Vendredi 16 février 2024

Efficient ML/DSP Algorithms for Real-Time Speech Communication Systems
Jean-Marc Valin
Xiph.Org Foundation

Heure: 13h30



Résumé: Over the past years, machine learning techniques have been responsible for significant improvements to the state-of-the-art in speech and audio processing. Among potential applications, real-time communication systems impose more stringent requirements, both for processing latency, and for computational resources. In this talk, I will discuss how these constraints can be satisfied while still achieving very high quality. I will then introduce some of our work on improving the Opus audio codec using machine learning. I will discuss how to improve the coded speech quality at low bitrate and how to increase robustness to packet loss through Deep REDundancy (DRED).

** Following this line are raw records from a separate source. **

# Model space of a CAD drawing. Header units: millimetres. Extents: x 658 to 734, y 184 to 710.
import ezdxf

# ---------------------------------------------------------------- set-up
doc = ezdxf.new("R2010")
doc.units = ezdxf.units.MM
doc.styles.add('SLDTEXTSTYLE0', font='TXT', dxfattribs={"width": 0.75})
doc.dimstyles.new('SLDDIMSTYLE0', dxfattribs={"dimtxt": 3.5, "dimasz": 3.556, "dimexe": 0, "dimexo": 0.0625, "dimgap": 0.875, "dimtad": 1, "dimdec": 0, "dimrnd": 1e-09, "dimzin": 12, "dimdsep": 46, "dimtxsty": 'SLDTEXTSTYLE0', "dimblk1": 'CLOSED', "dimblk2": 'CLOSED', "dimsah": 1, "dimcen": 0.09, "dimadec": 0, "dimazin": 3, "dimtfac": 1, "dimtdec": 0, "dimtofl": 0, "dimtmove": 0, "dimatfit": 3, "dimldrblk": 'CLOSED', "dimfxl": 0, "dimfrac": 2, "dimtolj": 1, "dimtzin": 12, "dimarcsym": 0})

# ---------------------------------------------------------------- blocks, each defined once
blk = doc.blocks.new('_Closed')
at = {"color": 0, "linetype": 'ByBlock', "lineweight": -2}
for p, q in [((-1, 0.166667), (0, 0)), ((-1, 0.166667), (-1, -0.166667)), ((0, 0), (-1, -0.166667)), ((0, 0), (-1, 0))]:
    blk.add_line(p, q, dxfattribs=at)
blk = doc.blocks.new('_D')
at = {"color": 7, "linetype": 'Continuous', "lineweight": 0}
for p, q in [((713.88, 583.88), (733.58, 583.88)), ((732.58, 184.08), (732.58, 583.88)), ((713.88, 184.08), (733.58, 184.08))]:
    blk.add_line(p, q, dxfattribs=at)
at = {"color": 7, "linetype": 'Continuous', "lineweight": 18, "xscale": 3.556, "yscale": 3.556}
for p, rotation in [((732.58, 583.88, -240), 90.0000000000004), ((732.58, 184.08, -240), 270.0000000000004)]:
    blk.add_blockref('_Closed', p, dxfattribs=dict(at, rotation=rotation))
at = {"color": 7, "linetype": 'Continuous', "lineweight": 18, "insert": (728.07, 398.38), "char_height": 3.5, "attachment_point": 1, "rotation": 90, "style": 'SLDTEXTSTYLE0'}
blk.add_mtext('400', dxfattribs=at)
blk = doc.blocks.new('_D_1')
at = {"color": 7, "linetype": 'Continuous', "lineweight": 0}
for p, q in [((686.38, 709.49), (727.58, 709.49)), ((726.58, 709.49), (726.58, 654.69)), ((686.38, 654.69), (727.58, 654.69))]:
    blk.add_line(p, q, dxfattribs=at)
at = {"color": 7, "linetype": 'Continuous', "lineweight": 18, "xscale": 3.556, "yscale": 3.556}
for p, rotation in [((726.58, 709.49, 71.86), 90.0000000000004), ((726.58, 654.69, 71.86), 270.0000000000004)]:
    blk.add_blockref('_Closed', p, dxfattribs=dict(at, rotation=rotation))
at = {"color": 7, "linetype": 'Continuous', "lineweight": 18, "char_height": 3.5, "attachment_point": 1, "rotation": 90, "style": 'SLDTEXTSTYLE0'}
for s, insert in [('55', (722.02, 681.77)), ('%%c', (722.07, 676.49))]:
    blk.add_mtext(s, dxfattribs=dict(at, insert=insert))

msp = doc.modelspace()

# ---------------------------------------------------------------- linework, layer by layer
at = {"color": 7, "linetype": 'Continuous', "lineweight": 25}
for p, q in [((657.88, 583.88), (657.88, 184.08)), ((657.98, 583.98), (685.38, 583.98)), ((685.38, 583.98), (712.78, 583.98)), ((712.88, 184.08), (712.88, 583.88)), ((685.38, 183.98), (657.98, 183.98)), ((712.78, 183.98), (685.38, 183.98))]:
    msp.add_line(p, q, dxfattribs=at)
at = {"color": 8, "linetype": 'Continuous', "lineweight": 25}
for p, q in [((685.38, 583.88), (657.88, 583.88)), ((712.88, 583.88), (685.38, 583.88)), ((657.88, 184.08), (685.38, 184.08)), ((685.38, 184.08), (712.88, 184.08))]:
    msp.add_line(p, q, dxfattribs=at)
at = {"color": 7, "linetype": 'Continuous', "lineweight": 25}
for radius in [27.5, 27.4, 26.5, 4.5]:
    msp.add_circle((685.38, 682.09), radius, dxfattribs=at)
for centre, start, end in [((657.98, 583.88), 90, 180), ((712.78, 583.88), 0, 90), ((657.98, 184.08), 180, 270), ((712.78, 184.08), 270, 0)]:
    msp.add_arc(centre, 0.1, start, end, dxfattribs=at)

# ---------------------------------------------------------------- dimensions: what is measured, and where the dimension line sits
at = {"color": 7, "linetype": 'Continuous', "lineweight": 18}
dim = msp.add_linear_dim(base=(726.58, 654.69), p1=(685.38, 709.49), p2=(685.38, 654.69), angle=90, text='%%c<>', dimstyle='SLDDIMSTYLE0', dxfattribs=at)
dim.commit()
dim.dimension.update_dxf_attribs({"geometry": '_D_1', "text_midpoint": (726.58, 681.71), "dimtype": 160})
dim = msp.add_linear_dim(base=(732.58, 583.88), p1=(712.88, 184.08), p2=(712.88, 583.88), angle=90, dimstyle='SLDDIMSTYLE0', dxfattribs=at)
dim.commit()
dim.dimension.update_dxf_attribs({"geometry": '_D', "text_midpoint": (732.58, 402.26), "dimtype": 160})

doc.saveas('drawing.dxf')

Biographie: Jean-Marc Valin received his Ph.D. in Electrical Engineering from the University of Sherbrooke in 2005. He worked as a postdoc in the CSIRO ICT Centre in Sydney, Australia. He is the primary author of the Speex speech codec and one of the main authors of the Opus audio codec. He also contributed to the AV1 video codec. He has volunteered with the Xiph.Org Foundation since 2002. His research interests include real-time communication systems, speech and audio coding, as well as applications of machine learning to speech and audio processing.

Note: La présentation sera donnée en français uniquement par Zoom.